Non profit
Nidi, non profit low cost
infanzia In Liguria le strutture gestite dal privato costano il 46% in meno delle comunali
di Redazione
7.399 euro per posto bambino contro 13.760.
«Il contratto di lavoro
delle cooperative sociali consente una gestione
più efficiente e flessibile
degli orari», spiega
Laura Fiaschi, vicepresidente del
consorzio Pan I l giudizio finale non c’è. E non perché manchino gli elementi per pronunciarlo. Spetta agli enti locali, osservano infatti i relatori nelle conclusioni, scegliere la modalità di gestione più conveniente per gli asili nido comunali. Un’idea, tuttavia, i magistrati contabili della sezione regionale della Corte dei conti se la saranno fatta. Come chiunque, del resto, dia un’occhiata al rapporto e ai prospetti che hanno elaborato. In Liguria, infatti, gli asili nido comunali gestiti in proprio dai Comuni costano quasi il doppio di quelli affidati alle organizzazioni private. Ogni posto-bambino, per l’esattezza, costa 13.760 euro. Contro i 7.399 dei nidi del terzo settore e i 10.877 delle strutture miste, gestite cioè in parte dai Comuni e in parte da terzi fornitori di servizi (la mensa, ad esempio, le pulizie o anche gli educatori). In tutto 39 strutture così gestite: 9 in proprio dagli enti locali, 25 con modalità mista, 5 in toto da terzi. L’indagine riguarda gli anni scolastici dal 2003 al 2006. E riserva non poche sorprese.

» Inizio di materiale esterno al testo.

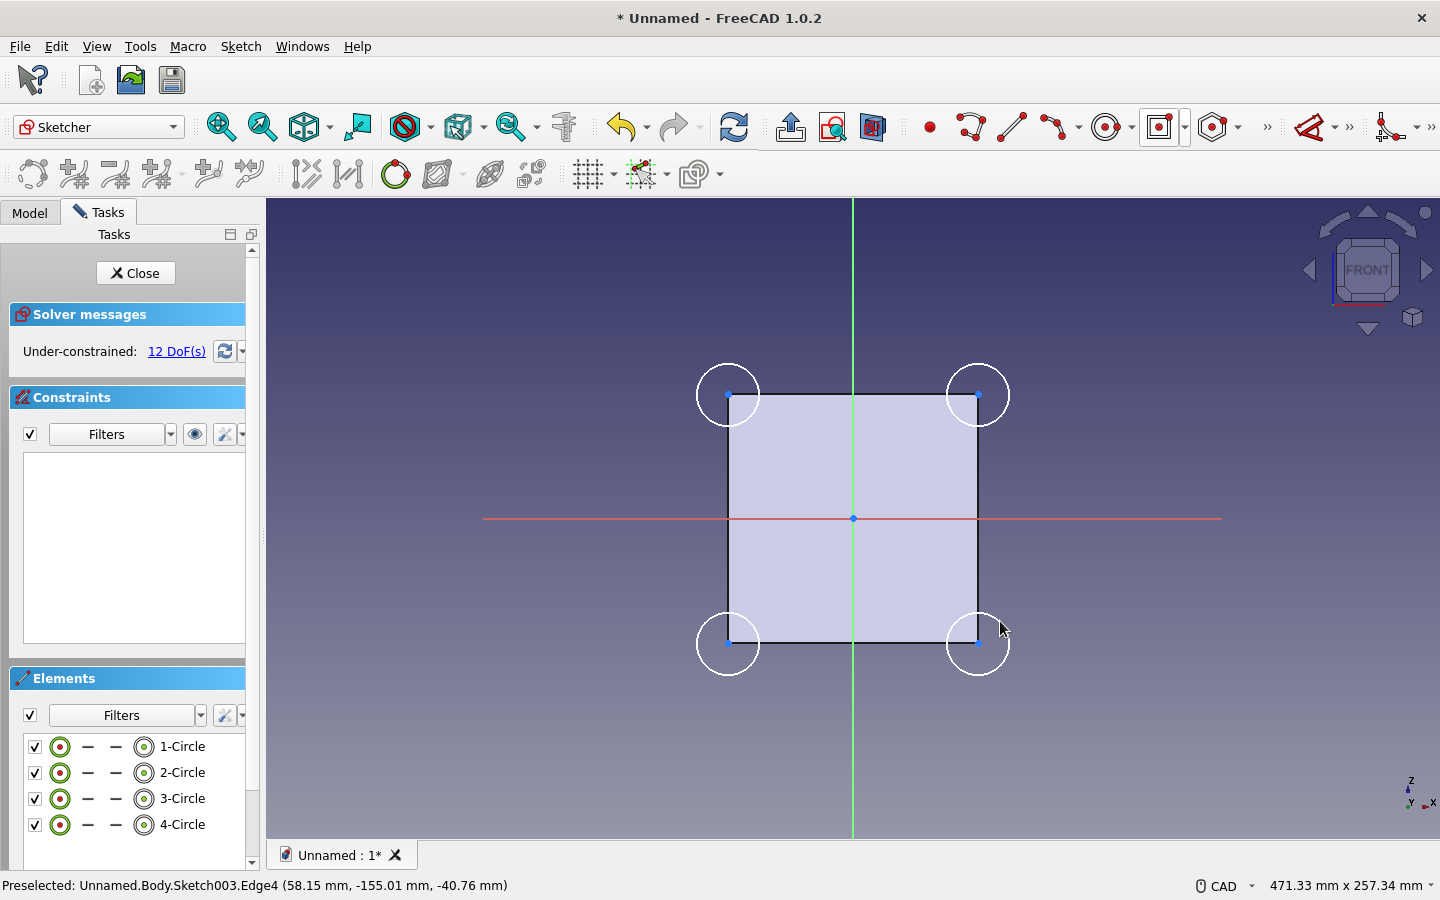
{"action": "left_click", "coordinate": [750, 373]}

Rapporto educatori-bambini
Il primo indicatore preso a riferimento è il rapporto fra educatori e bambini. Nei nidi amministrati direttamente dalle municipalità ci sono 4,5 bambini per educatore, in quelli misti 4,6, nelle strutture affidate ai privati invece 5,9. Numeri, ad ogni modo, al di sotto della soglia massima (6 bambini) fissata dalla Regione. «Il contratto di lavoro del pubblico impiego è più rigido di quello delle cooperative sociali e determina una minor flessibilità ed efficienza nella gestione dell’orario. Questo costringe le amministrazioni a utilizzare più personale di quanto ne usi il terzo settore», spiega Claudia Fiaschi , presidente di Cgm e vicepresidente del Consorzio Pan, il network nazionale di servizi per l’infanzia (280 affiliati) realizzato da Banca Intesa, Cgm, Federazione dell’impresa sociale di Compagnia delle Opere e il Consorzio Drom di Legacoop. Il contratto, più flessibile, è anche meno remunerato di quello pubblico. Da qui i costi più contenuti degli asili gestiti da terzi. Il personale delle cooperative sociali, tuttavia, fa meno assenze (93,9% di presenza in servizio) rispetto a quello comunale (88,8%).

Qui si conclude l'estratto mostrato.